第1話 勇者の帰還
「ユーヤ様、儀式の準備が整ったとの事でございます」
若い女性の言葉に俺は王宮内に用意された自分の部屋を出る。
あ、ユーヤってのは俺の名前ね。
本名は
こっちではユーヤ・カシャーギーって呼ばれてる。どうもカシワギってのがうまく発音できなかったらしい。
地球の現代日本からこちらの世界ウィルテリアスに勇者召喚された大学生だ。(ウィルテリアスってのはこの国のある大陸の名前で、他の大陸に行ったらきっと別の名前があるんだろう)

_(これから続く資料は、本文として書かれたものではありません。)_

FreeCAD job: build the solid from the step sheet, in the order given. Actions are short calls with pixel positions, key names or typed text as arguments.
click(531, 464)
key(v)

俺は3年ほど前に突然召喚によってこの国(&クソ女神)に呼ばれた。
んで、その後、今時そんなのラノベでも採用されないだろ!って位、テンプレにテンプレを重ねて今に至るってわけだ。
部屋を出るとメイドさん(!!)がお辞儀をして出迎えてくれる。
メイドっていっても、某首都圏に出没するメイド服っぽい『何か』を着た半分風俗(すっげぇ偏見)の女の人なんかじゃない、本物のリアルメイド!パーフェクツな所作を崩さないプロの王宮メイドさんなのだ。

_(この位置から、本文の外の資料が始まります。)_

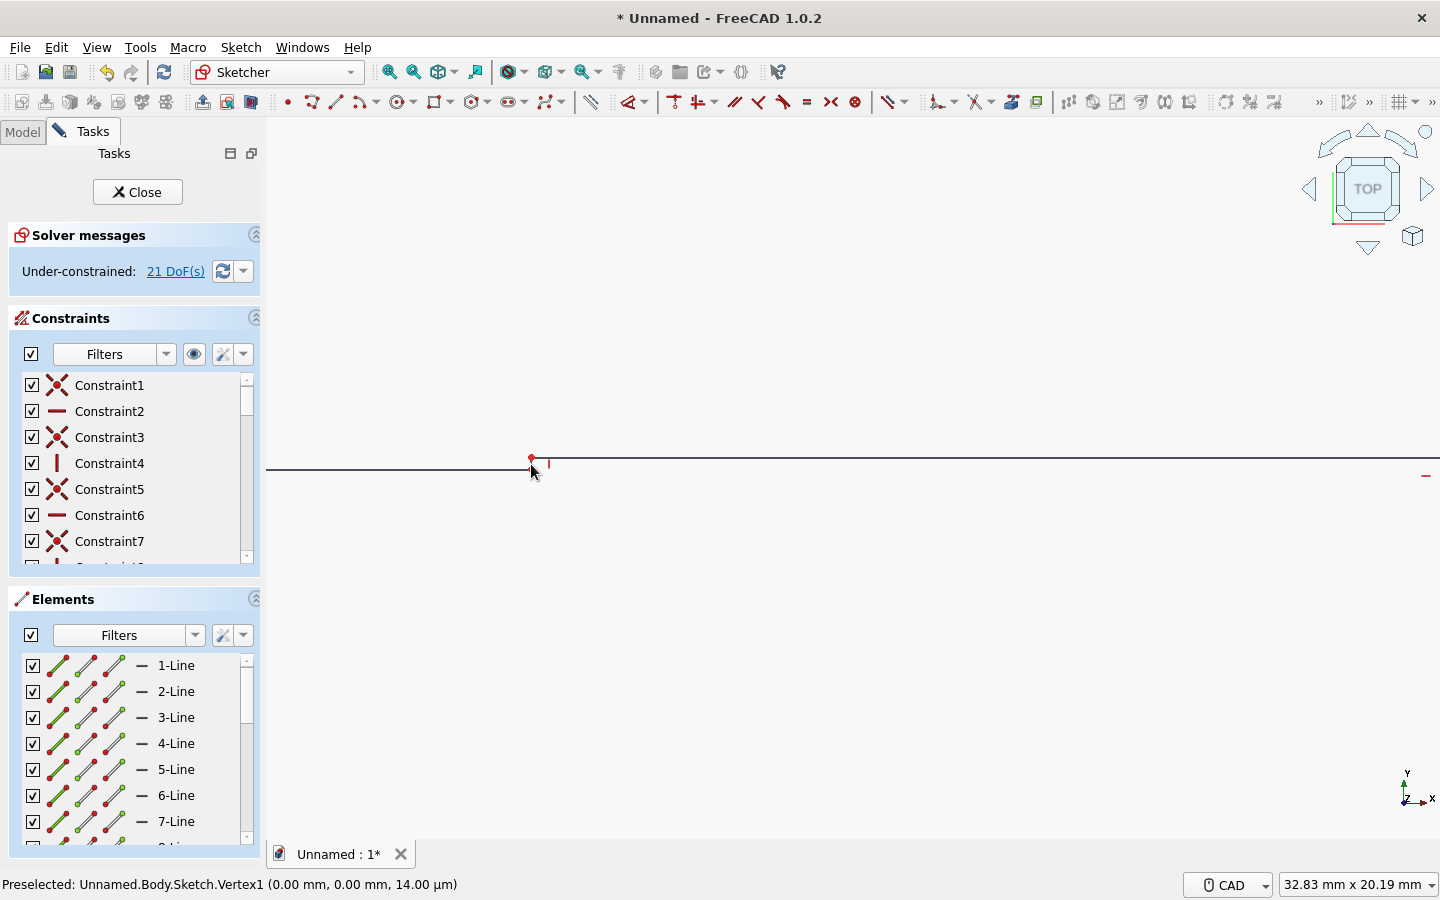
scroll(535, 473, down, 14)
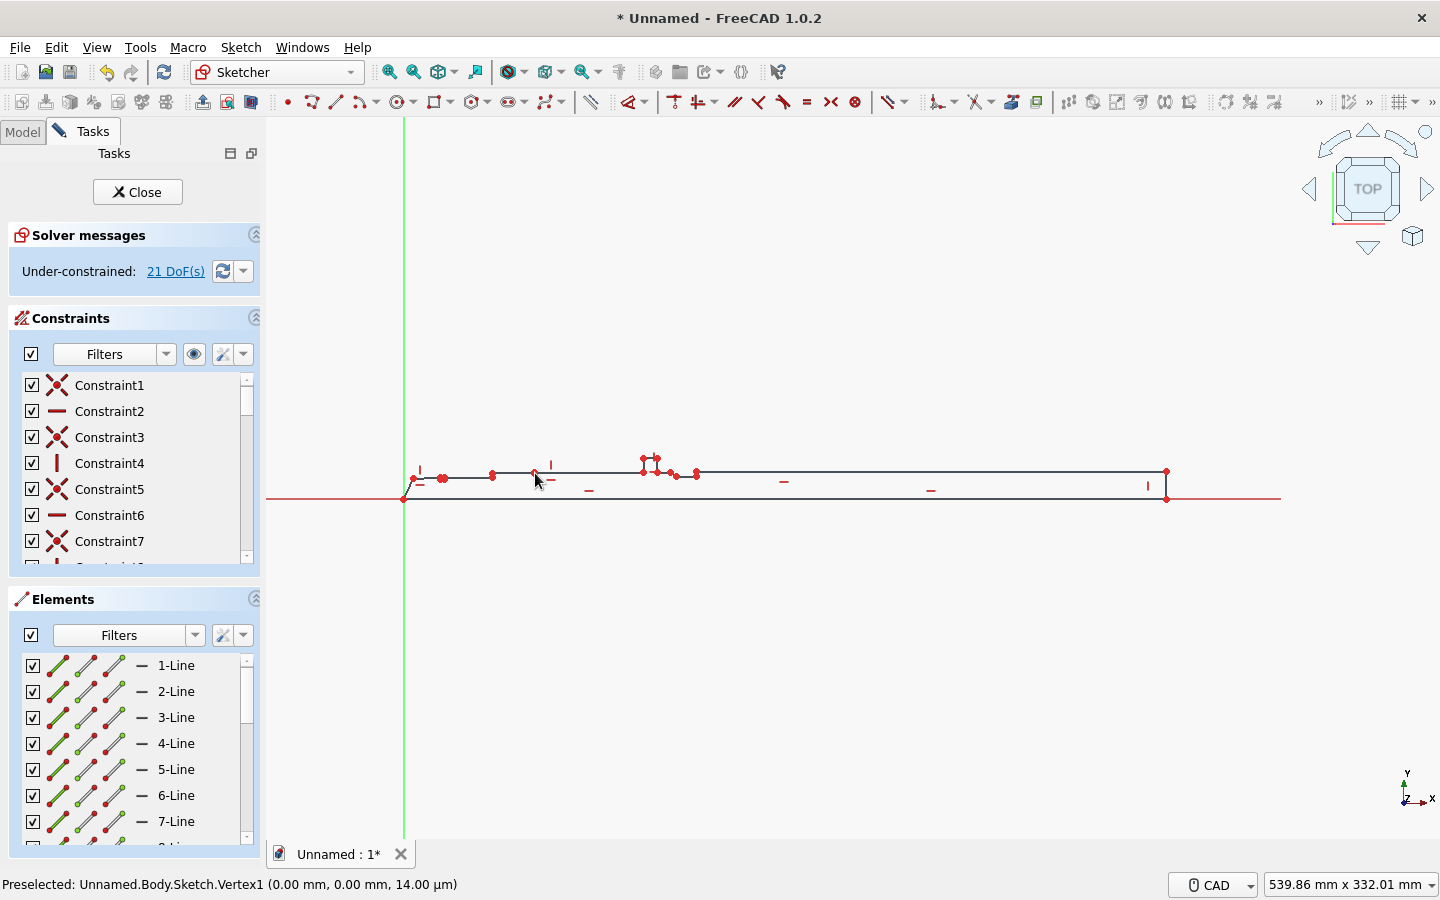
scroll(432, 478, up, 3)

俺がこの世界に召喚されて王宮で過ごす間ずっとお世話をしてくれた(っていっても途中の2年間は俺は王宮にいなかったけど)とっても優秀な人である。ただ、この人ちょっとだけ困った癖があり、
「ユーヤ様、本当に今日元の世界に帰られてしまうのですか?」
「あ、はい。帰ります。エリスさんにも本当にお世話になりました。これで皆さんと会えなくなるのは寂しいんですけど、やっぱりあっちには家族もいますし」
俺を先導して歩くエリスさんにそう応えると、
「そうですか……結局、一度もユーヤ様は私(わたくし)に手を出してくださらなかったのですね」
「い゛?あ、あのエリスさん?」
「今からでも遅くはありません。そこの空き部屋でほんの1,2分ほどお時間をいただいて、サクっと手を出してくださいませんか?」
「い、いや、あの、聖女様も待っているでしょうし、さすがにそれはマズいんじゃないかと……」
「……残念です」
こういう冗談をちょいちょい飛ばしてくるのが困りもんで、なんで冗談と思うのかって?
だってこの人こういう台詞をまったくピクリとも表情を変えずに言うんだよ。ってか、1,2分って、さすがにそこまで俺早くないと思うよ!たぶんだけど、そんなに早くないよ!!(大事なことだから2度言うよ)
なまじすっごいスタイルの良い美人さんなんで、なおさらたちが悪い。
「はぁ」
「?なにか?」
「イエ、ナンデモナイデス」
何か一気に疲れた俺はそのまま無言でアホみたいに長い廊下を召喚の間のある王城内の塔まで歩いていった。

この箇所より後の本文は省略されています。